Pero si los padres se empeñan en llamarlo de manera que desborde la nómina aceptada, surge un largo proceso. La parroquia o la notaría consultan la petición a los ministerios del caso; estos averiguan en los archivos del Departamento Onomástico de la Universidad de Copenhague la historia y presencia del nombre en la sociedad danesa y, al final, el ejecutivo dicta sentencia. Padres que aspiraban a llamar a su crío Asleiy, Bepop o Jakopp vieron rechazadas sus solicitudes. En cambio, Ali y Hassan, requeridos por progenitores árabes, fueron aprobados.

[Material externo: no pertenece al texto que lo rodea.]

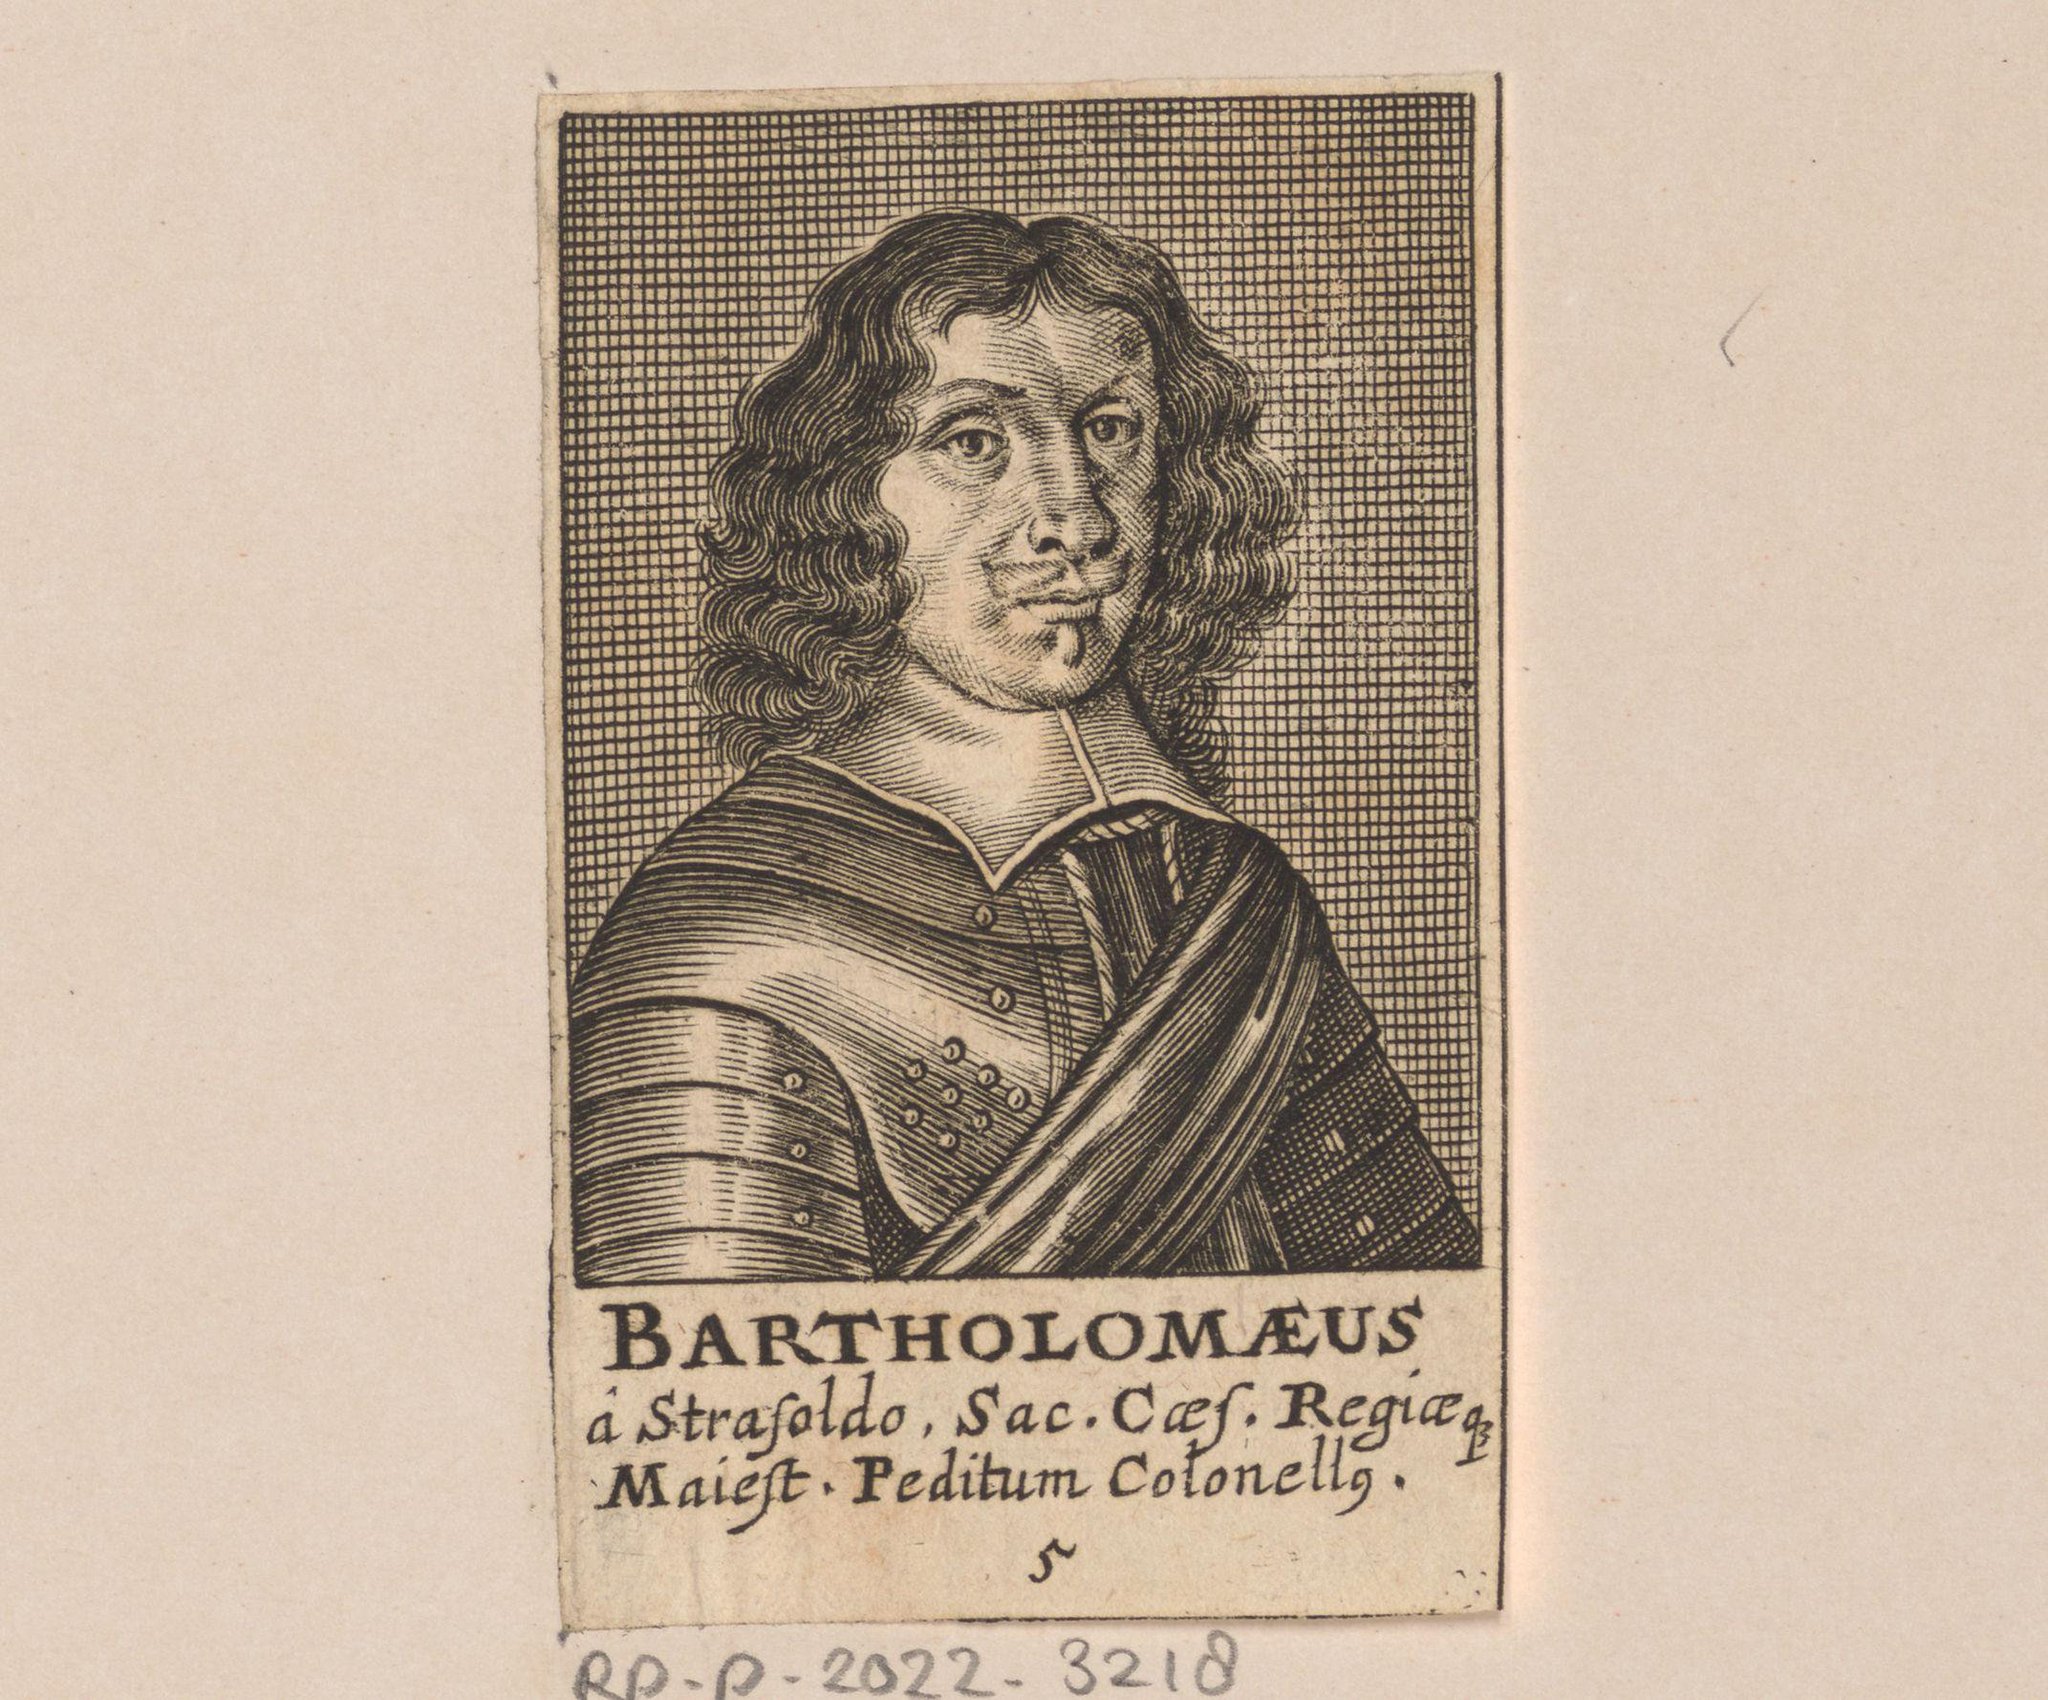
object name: print
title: Portret van Bartholomeus Strasoldo
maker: matthias van sommer
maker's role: draughtsman, print maker
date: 1665
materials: paper
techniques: engraving
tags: commander-in-chief, general, marshal, historical persons
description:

«La Ley de Nombres Personales -explica el informe- fue dictada para proteger a los inocentes, aquellos niños que reciben la carga inmerecida e incluso cruel de nombres absurdos o idiotas».

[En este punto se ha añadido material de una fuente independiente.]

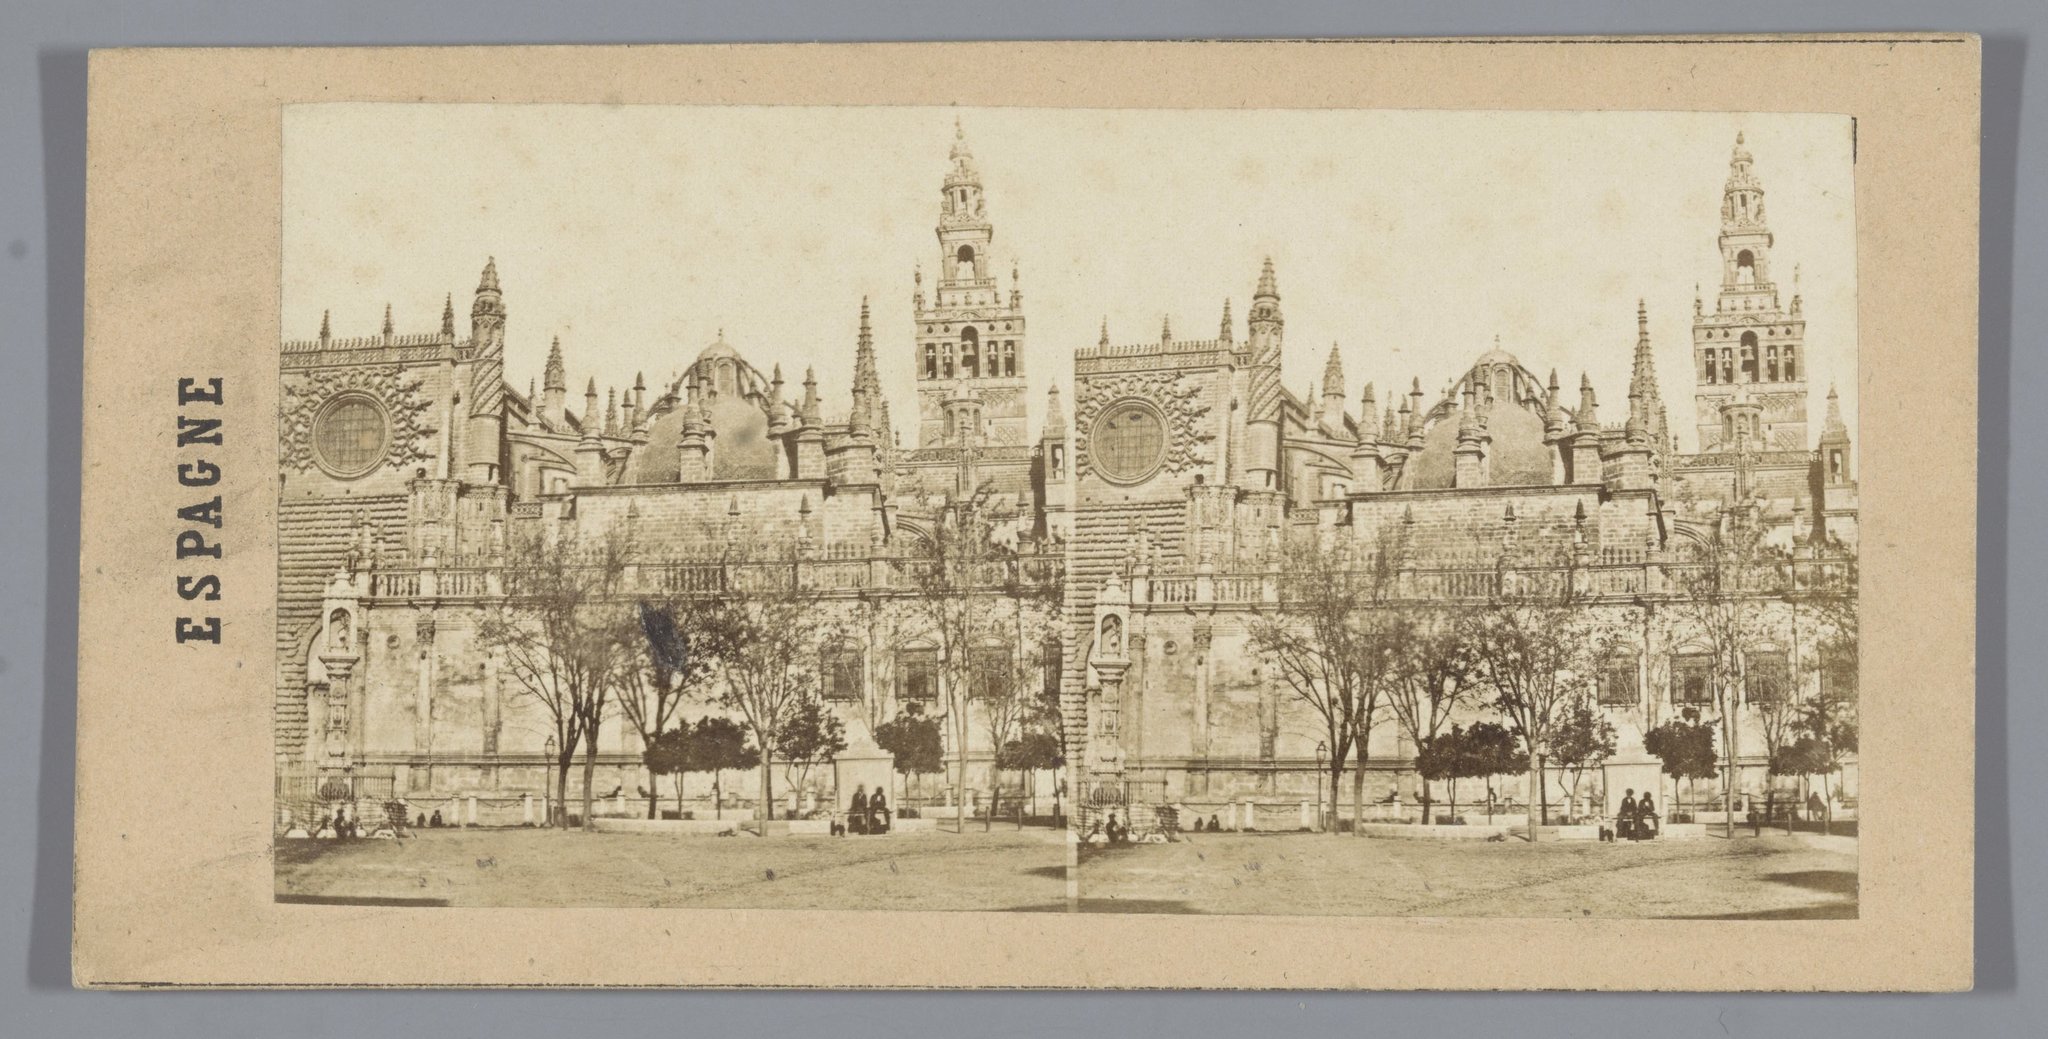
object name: stereograph
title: Exterieur van de Kathedraal van Sevilla
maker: Anonymous
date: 1850-1880
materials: cardboard, photographic support
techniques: albumen print
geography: sevilla
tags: church (exterior), façade (of house or building)
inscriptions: inscription: ‘Espagne.’, number: ‘No 183.’

Tal vez sea hora de imitar el ejemplo de los países que han resuelto reglamentar la selva onomástica. Si Colombia quiere amparar «el derecho al libre desarrollo de la personalidad» de sus más jóvenes ciudadanos «sin más limitaciones que las que imponen los derechos de los demás y el orden jurídico», haría bien en poner freno a las atribuciones que se otorgan arrogan los padres respecto a los nombres de los sus hijos. El derecho al nombre es atributo del hijo que lo recibe, no del padre que lo bautiza.

De lo contrario, no tardaremos mucho en ver que se han reproducido como metástasis en nuestra sociedad esos Asleiy, Bepop y Jakopp que prohibió Dinamarca y que no he debido mencionar en estas líneas por pura precaución.